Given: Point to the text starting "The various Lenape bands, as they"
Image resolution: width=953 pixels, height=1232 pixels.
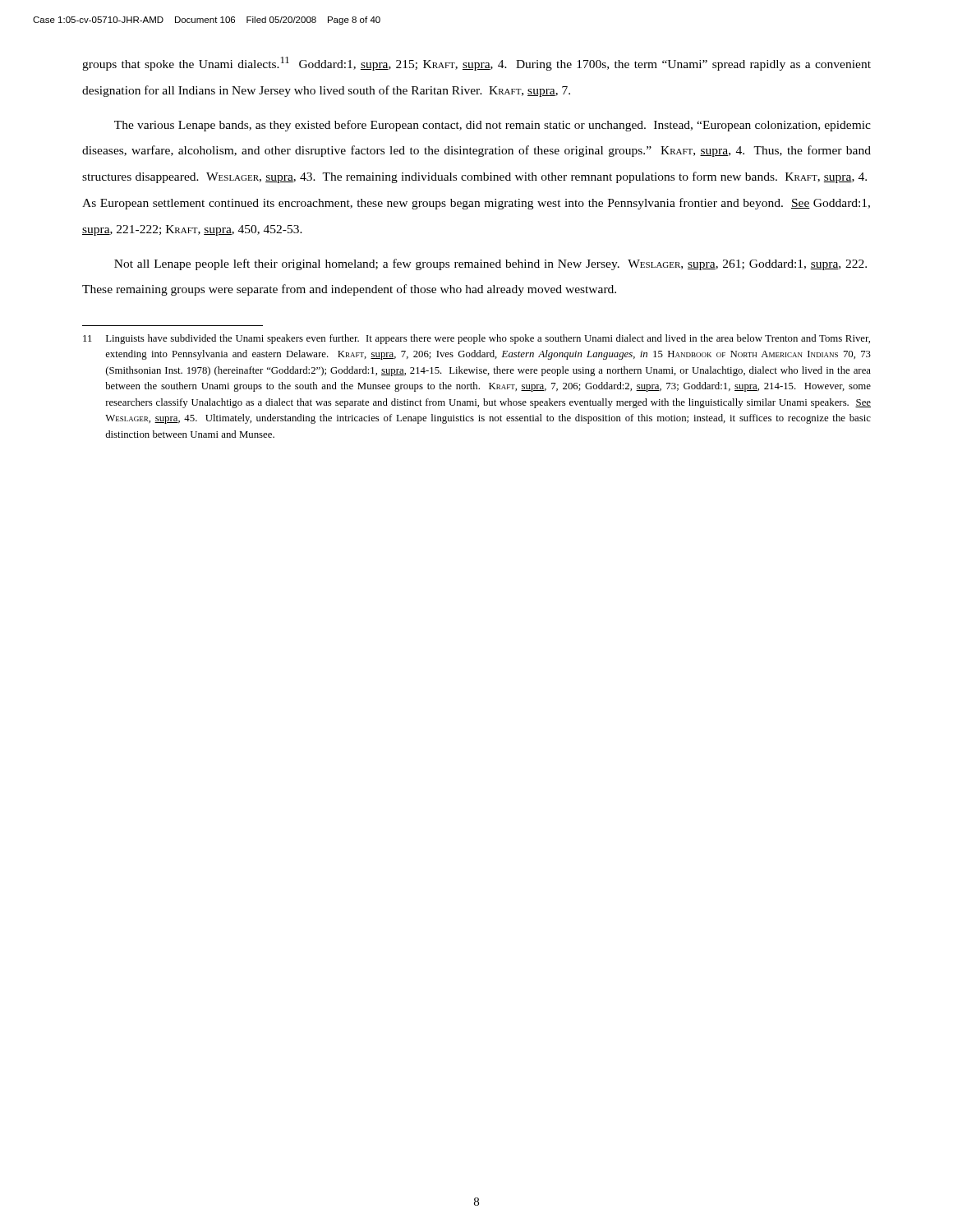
☆ ☆ ☆ ☆ ☆
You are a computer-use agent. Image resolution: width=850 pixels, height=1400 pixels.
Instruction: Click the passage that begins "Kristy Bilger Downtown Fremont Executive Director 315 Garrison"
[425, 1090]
☆ ☆ ☆ ☆ ☆
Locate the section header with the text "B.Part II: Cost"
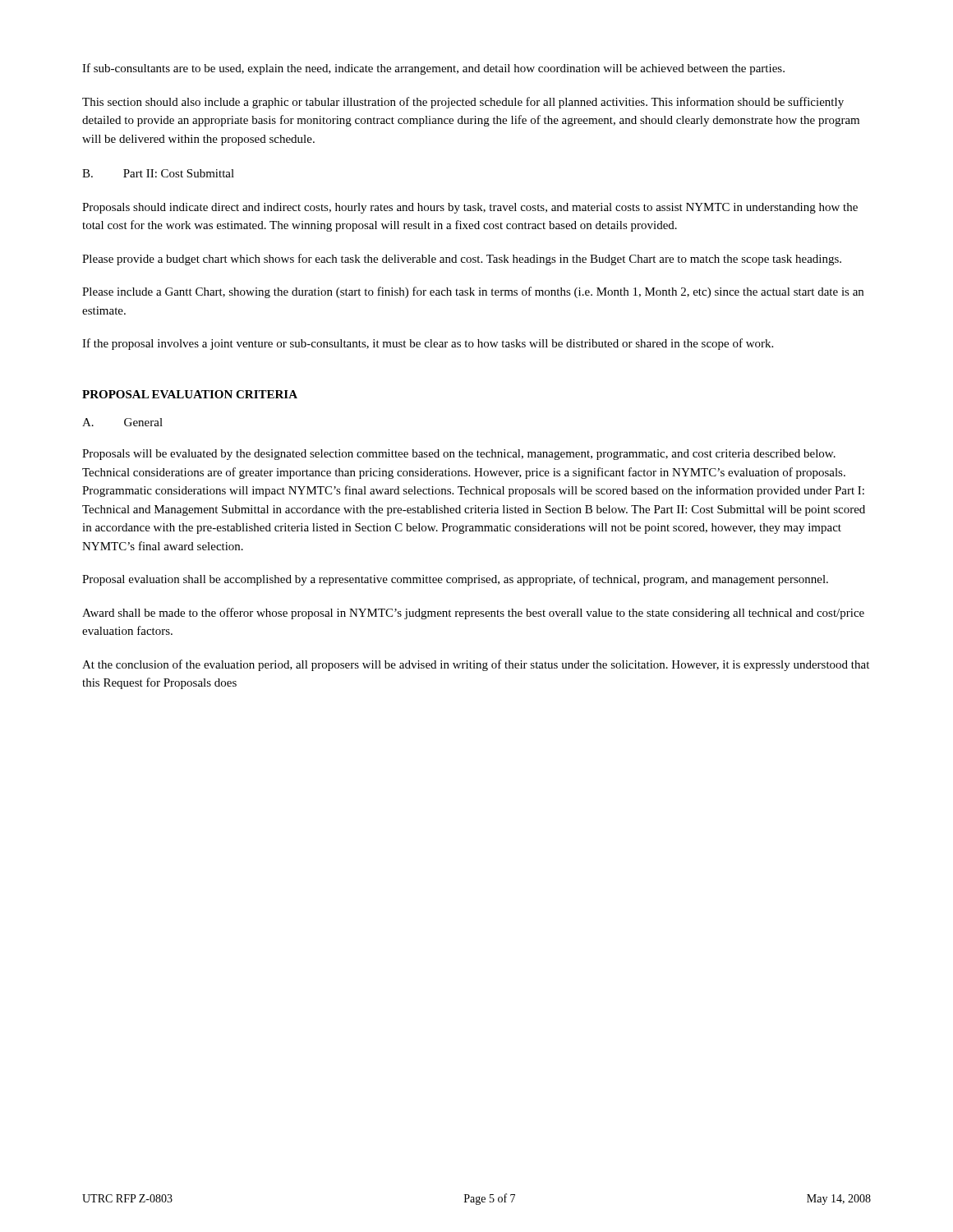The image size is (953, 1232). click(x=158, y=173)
☆ ☆ ☆ ☆ ☆
Directions for this task —
Copy all lines in the listing above where the string "height" appears.

Response to this task —
Image resolution: width=953 pixels, height=1232 pixels.
You are a computer-use agent. Image resolution: width=850 pixels, height=1400 pixels.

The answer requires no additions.